### [Material for this task]
◇ ◇ ◇ ◇

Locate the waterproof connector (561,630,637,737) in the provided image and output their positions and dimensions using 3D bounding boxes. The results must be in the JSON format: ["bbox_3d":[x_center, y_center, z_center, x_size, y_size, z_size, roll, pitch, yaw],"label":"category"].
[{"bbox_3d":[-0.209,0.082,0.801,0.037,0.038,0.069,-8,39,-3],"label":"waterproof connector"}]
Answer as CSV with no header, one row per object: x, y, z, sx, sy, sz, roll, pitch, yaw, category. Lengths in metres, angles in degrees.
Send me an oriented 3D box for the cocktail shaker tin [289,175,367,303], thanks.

◇ ◇ ◇ ◇

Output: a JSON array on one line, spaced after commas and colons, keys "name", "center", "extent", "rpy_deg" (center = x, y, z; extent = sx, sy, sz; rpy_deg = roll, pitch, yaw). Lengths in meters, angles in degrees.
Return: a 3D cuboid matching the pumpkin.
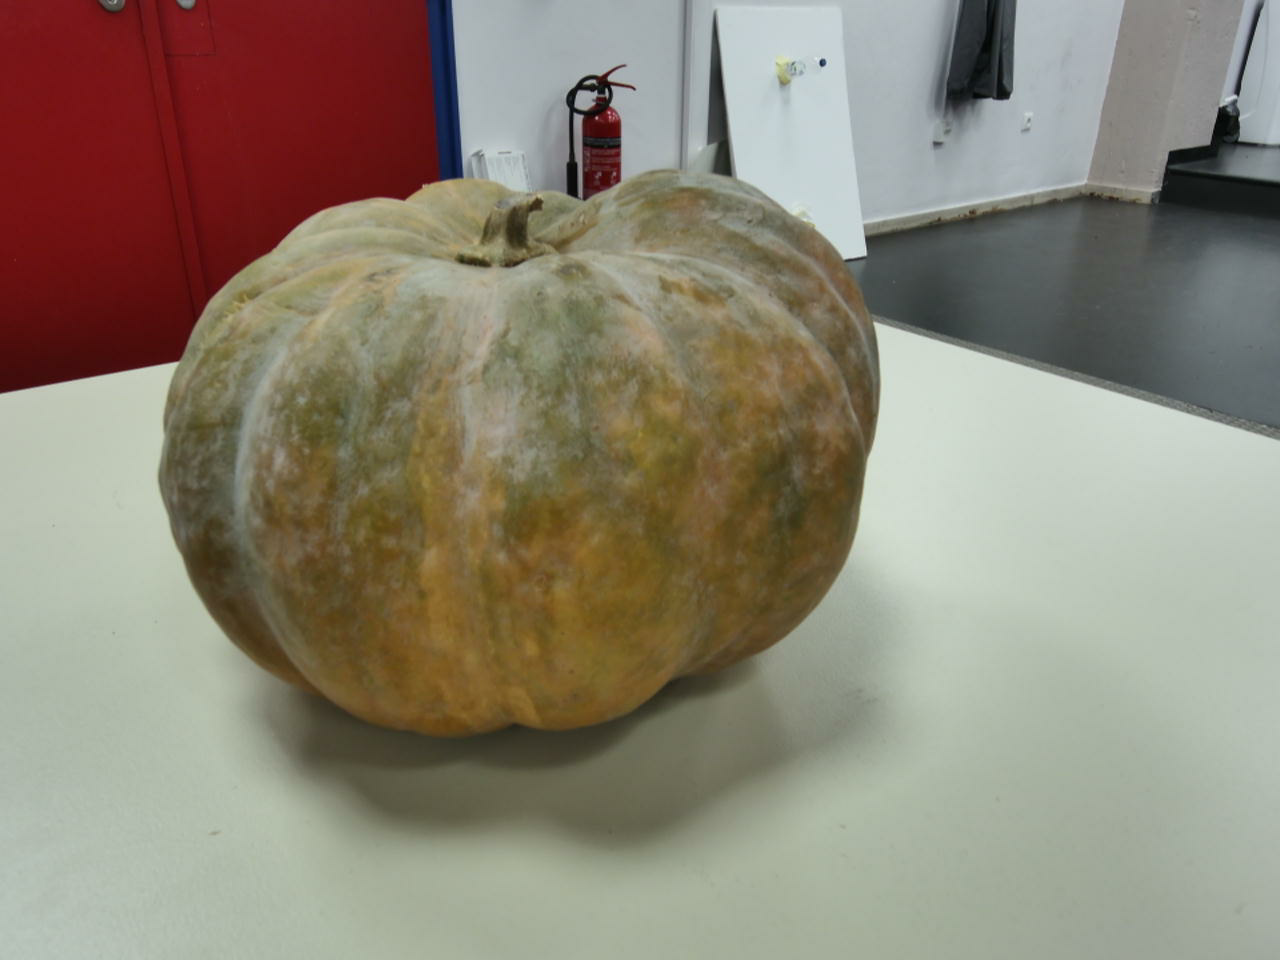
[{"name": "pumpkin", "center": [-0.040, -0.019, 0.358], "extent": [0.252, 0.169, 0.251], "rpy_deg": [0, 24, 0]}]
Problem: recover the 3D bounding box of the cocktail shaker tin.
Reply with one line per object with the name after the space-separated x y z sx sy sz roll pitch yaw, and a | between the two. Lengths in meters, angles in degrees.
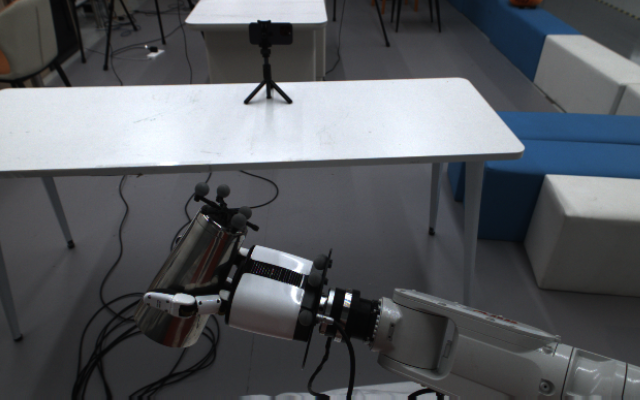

◇ ◇ ◇ ◇

From the listing above, restate verbatim the lines running from the one with "Return: a 3D cuboid matching the pumpkin." through the one with "Reply with one", inclusive, but not the pictures.

Return: a 3D cuboid matching the pumpkin.
[{"name": "pumpkin", "center": [-0.040, -0.019, 0.358], "extent": [0.252, 0.169, 0.251], "rpy_deg": [0, 24, 0]}]
Problem: recover the 3D bounding box of the cocktail shaker tin.
Reply with one line per object with the name after the space-separated x y z sx sy sz roll pitch yaw, and a | between the two. Lengths in meters, angles in degrees.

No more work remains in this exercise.